A Gathering of Old Men Setting

Where It All Goes Down

Out at the Marshall Plantation and Deep in Louisiana, 1970s

Forget what you might be thinking about Mardis Gras beads and gators, or jambalaya and crawfish pie. Gaines might be taking us deep into Louisiana, but this is no pleasure cruise or all-expenses paid vacation to the Big Easy.

A Unique Fixer-Upper that's Not So Unique: What Gives with Marshall Plantation

When Gaines takes us to Louisiana, he shows us a part of the state that most tourists don't get to see—the grounds of an old slowly decaying plantation. We get little glimpses of Cajun country and a big city courtroom, but Marshall is really where all of the action goes down. Of course, Marshall Plantation itself doesn't exist in real life (this is fiction, after all), but Gaines wants to take us there for a reason. The plantation—and that's any plantation—is a symbol of the slave days, of cotton, commerce, and way things used to run in the South before the Civil War.

Marshall may be run down, but it's still there. And, wouldn't you know it, so are the attitudes and ideas that went along with slavery: racism, elitism, and a whole lot of resistance to any and all kinds of change.

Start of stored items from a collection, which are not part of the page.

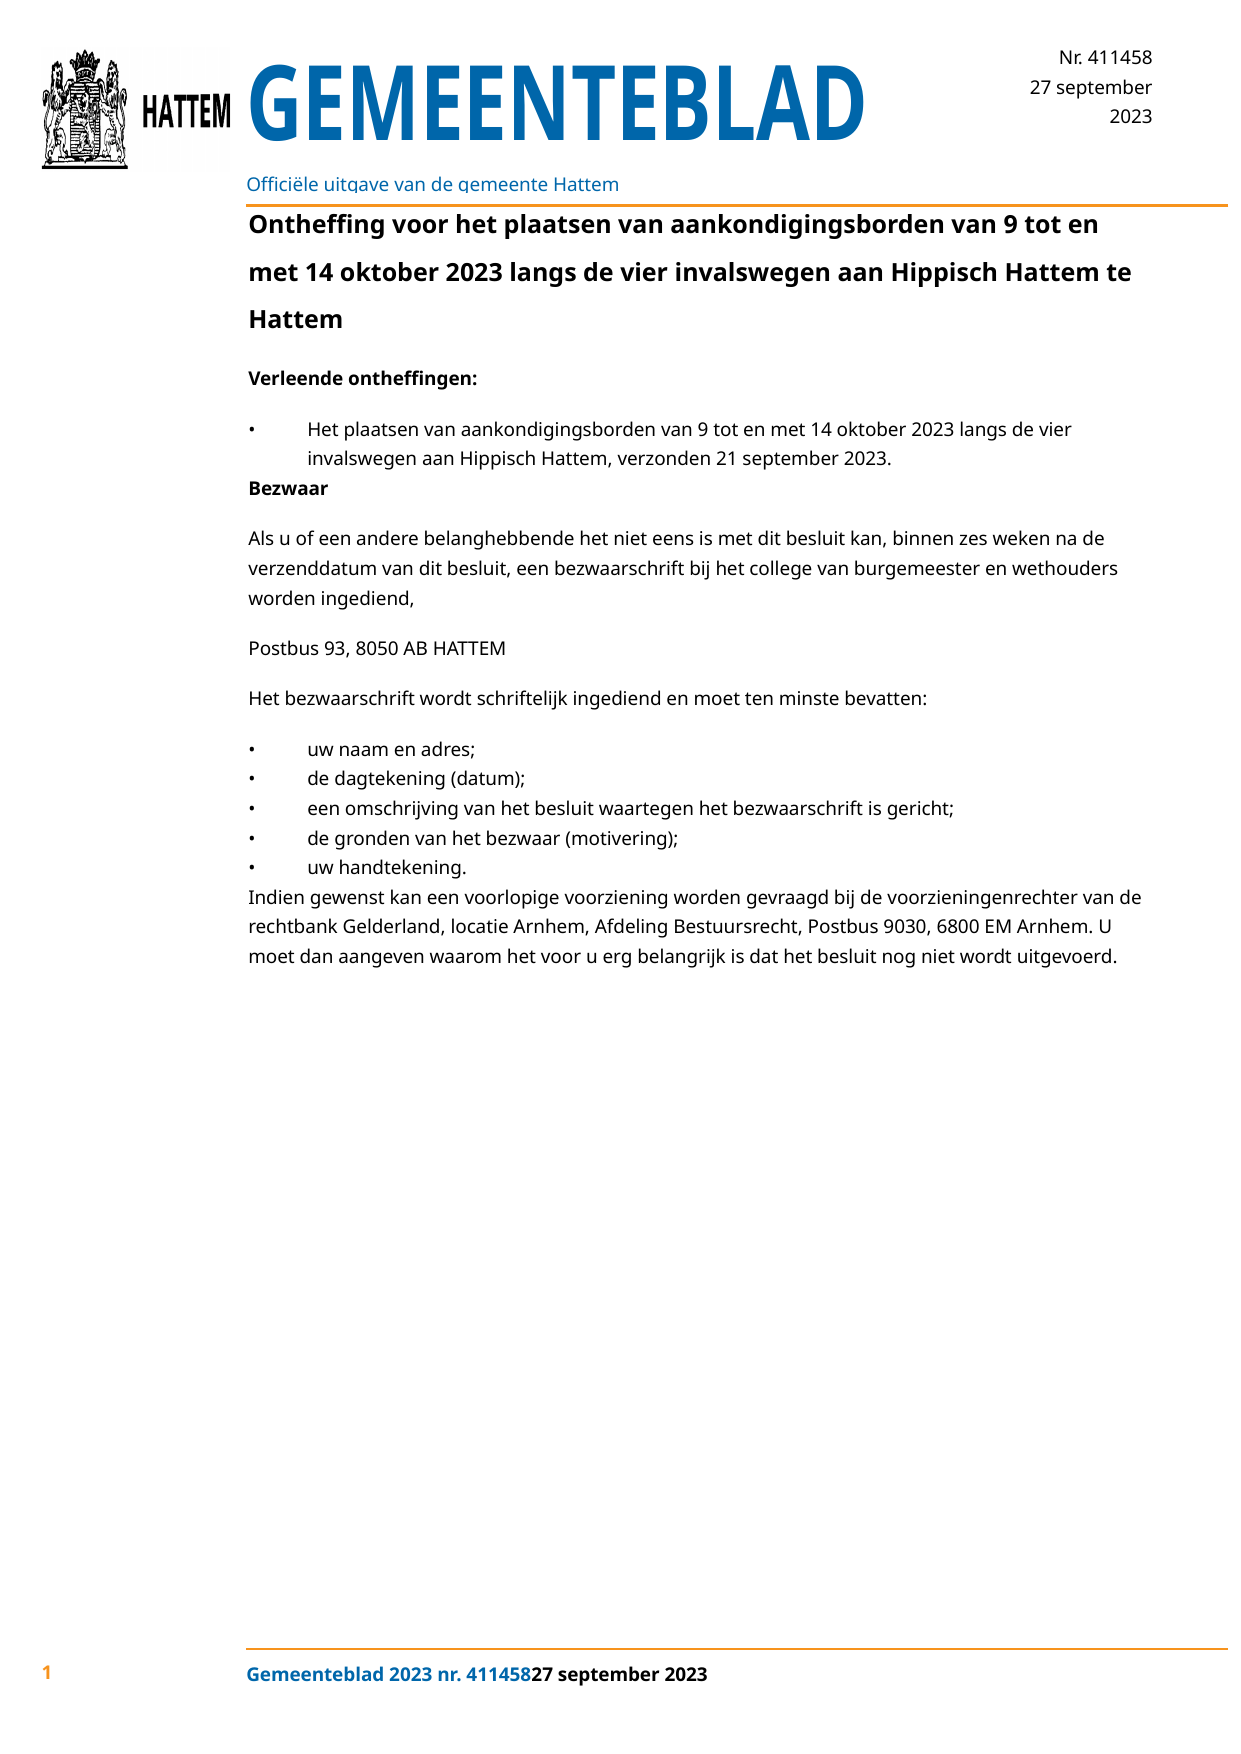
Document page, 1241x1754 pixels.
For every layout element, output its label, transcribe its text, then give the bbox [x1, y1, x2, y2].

list uw handtekening. [248, 854, 1152, 880]
text Het bezwaarschrift wordt schriftelijk ingediend en moet ten minste bevatten: [248, 686, 1152, 711]
text Bezwaar [248, 475, 1152, 501]
list de dagtekening (datum); [248, 766, 1152, 791]
list de gronden van het bezwaar (motivering); [248, 825, 1152, 850]
picture [41, 47, 231, 172]
list uw naam en adres; [248, 736, 1152, 762]
text Als u of een andere belanghebbende het niet eens is met dit besluit kan, binnen zes weken na de verzenddatum van dit besluit, een bezwaarschrift bij het college van burgemeester en wethouders worden ingediend, [248, 526, 1152, 610]
list Het plaatsen van aankondigingsborden van 9 tot en met 14 oktober 2023 langs de vier invalswegen aan Hippisch Hattem, verzonden 21 september 2023. [248, 416, 1152, 471]
text Ontheffing voor het plaatsen van aankondigingsborden van 9 tot en met 14 oktober 2023 langs de vier invalswegen aan Hippisch Hattem te Hattem [248, 207, 1152, 336]
text Indien gewenst kan een voorlopige voorziening worden gevraagd bij de voorzieningenrechter van de rechtbank Gelderland, locatie Arnhem, Afdeling Bestuursrecht, Postbus 9030, 6800 EM Arnhem. U moet dan aangeven waarom het voor u erg belangrijk is dat het besluit nog niet wordt uitgevoerd. [248, 884, 1152, 969]
text Verleende ontheffingen: [248, 366, 1152, 391]
text Postbus 93, 8050 AB HATTEM [248, 635, 1152, 661]
list een omschrijving van het besluit waartegen het bezwaarschrift is gericht; [248, 795, 1152, 821]

The grounds and buildings are all slowly falling apart (kind of like some of the characters who live there), which is Gaines's way of suggesting, yet again, that those attitudes and ideas have no business being allowed to stick around just the way they are. Marshall Plantation needs some fixing, and so do some characters' attitudes. We mean serious repairs.

Down in the Quarters

Back in the day, owning a plantation meant owning a lot of land, and that's pretty much still what it means in A Gathering of Old Men, even if some of that land has been leased to other families like the Boutans. A whole lot of that land was used for growing crops—usually cotton, sugar or tobacco. Some of that land, though, had to be used to house the people who were forced to harvest that cotton, sugar or tobacco. That's where the slave quarters came in.

Maybe you were wondering why some of the old folks you met kept talking about "the quarters," or maybe you've already kind of figured out why that is. The place where the guys live at Marshall also happens to be the area of the plantation that was at one time used to house slaves. And that includes Mathu's place, too.

Now, it's not so much that Gaines is trying to tell us that the old men out at Marshall are still basically some white person's property—not by a long shot. What Gaines is trying to tell us with that, though, is that the South's shameful past still affects the lives of people of color living in the present.

For that reason, this book isn't historical fiction. It's set in the 1970s for crying out loud. Disco dancing, bellbottoms, and… virulent racism? You bet. Gaines point out that the deep racial divides were not just brushed aside after the Civil Rights Movement. Things, especially in the South, were still difficult for African Americans long afterward. Living in old slave quarters, the characters in this book are literally stuck in a racist place and time.

Like Candy's threat to some of the old men makes clear, many of them still live there—not just because their families lived there, but because they really don't have the means to go anywhere else. And that has to do with how hard it still was for African Americans, especially in the South, to have the same opportunities that white people have. It's no coincidence that frustration with the way that things are, and the way that things have been, is a big part of why they all show up at Mathu's place.